The code above showcased a quick way to train a machine learning model. The data exploration was very minimal and the engineering of the data was quite basic. A better model could be trained if more time and thought was put into these steps as well as others. Why don't you have a go at trying to improe the model performance value above by re-working this code. Here are some hints of things to do:

1. Are there any errors in the data that could be corrected or filtered? Take a look a bit more at the features and their unique levels.
2. Are any of the features highly correlated? Could some of these be dropped from the training data?
3. Are there other ways we can convert the object features to numerical features? How do these affect the model's performance?
4. Can we handle missing data better? Can more information be pulled out from the missing data?

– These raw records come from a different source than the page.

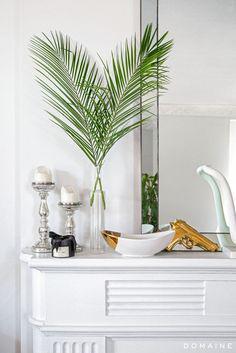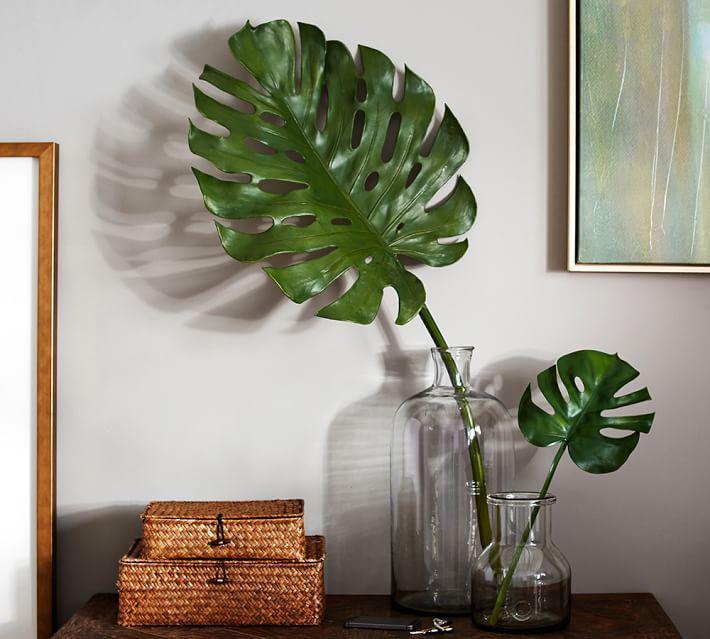The first image is the image on the left, the second image is the image on the right. Given the left and right images, does the statement "At least one of the images shows one or more candles next to a plant." hold true? Answer yes or no. Yes. The first image is the image on the left, the second image is the image on the right. For the images displayed, is the sentence "In one of the image there is vase with a plant in it in front of a window." factually correct? Answer yes or no. No. 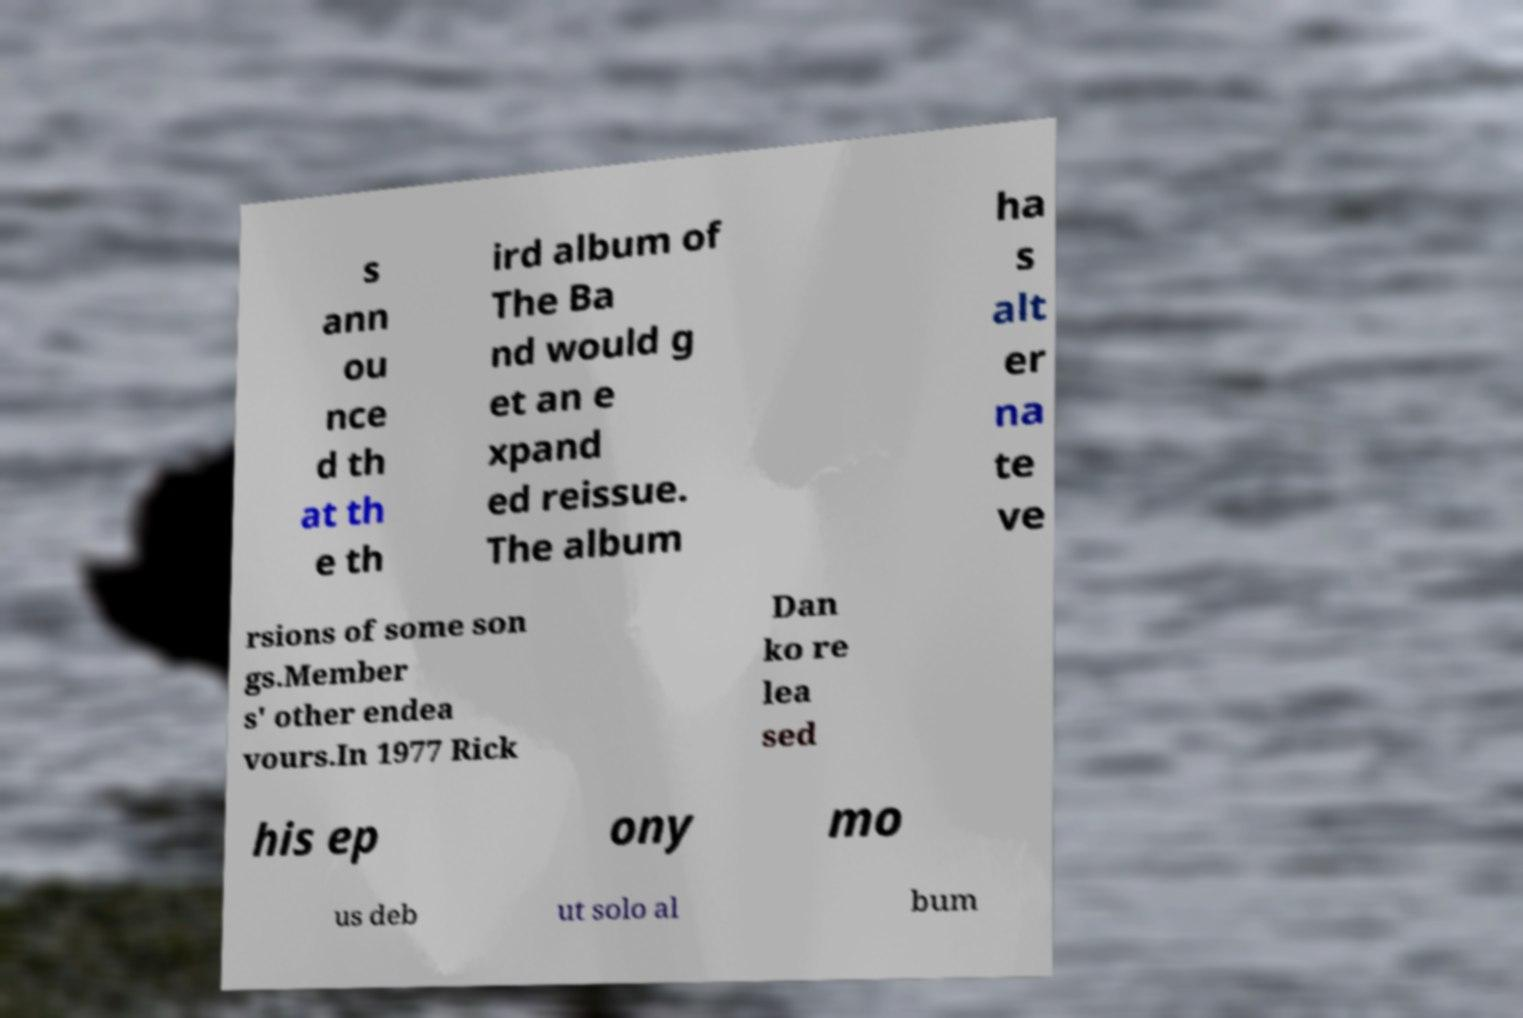Could you extract and type out the text from this image? s ann ou nce d th at th e th ird album of The Ba nd would g et an e xpand ed reissue. The album ha s alt er na te ve rsions of some son gs.Member s' other endea vours.In 1977 Rick Dan ko re lea sed his ep ony mo us deb ut solo al bum 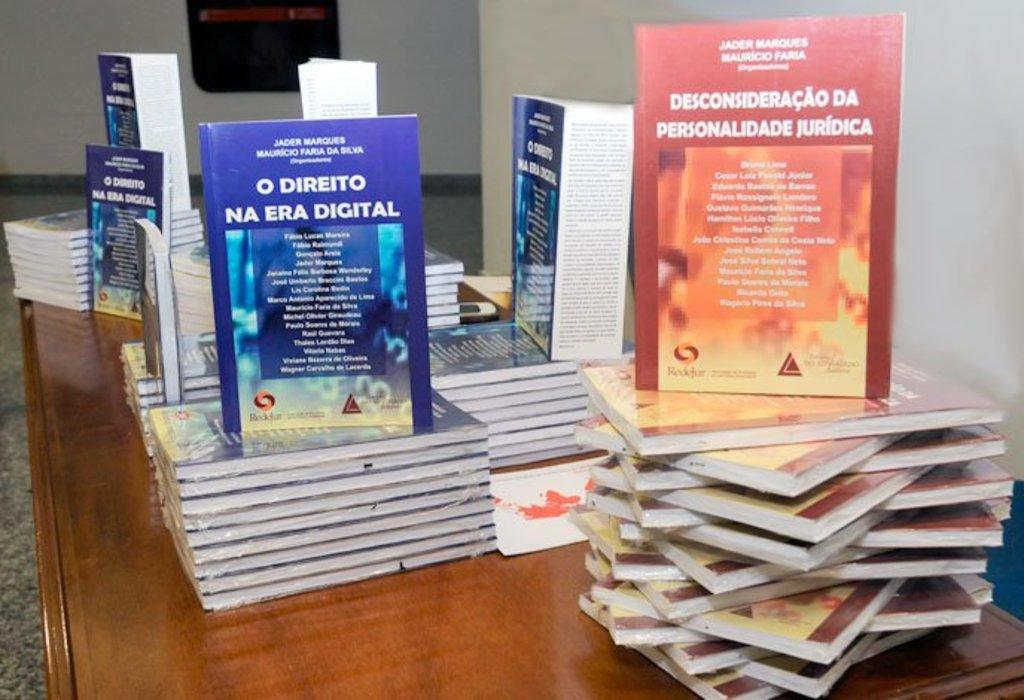Provide a one-sentence caption for the provided image. A table containing a few piles of books including the title O Direito Na Era Digital.

5. Can more information be pulled out for the datetime fields? How do these extra features fair in a feature importance plot?
6. The model chosen is a random forest but others will do the job. Try out another model and see which is the champion.
7. Are there other performance metrics that you can assess the model's performance on?
8. Look into the model's hyperparameters. Learning what the main ones are. Can these be improved in any way?
9. What model explainability metrics and charts can you create that help tell the model's performance story? e.g. lift plots.
10. Can you create your own notebook on this work and share it with others? Where would you host it? GitHub? Kaggle? Medium?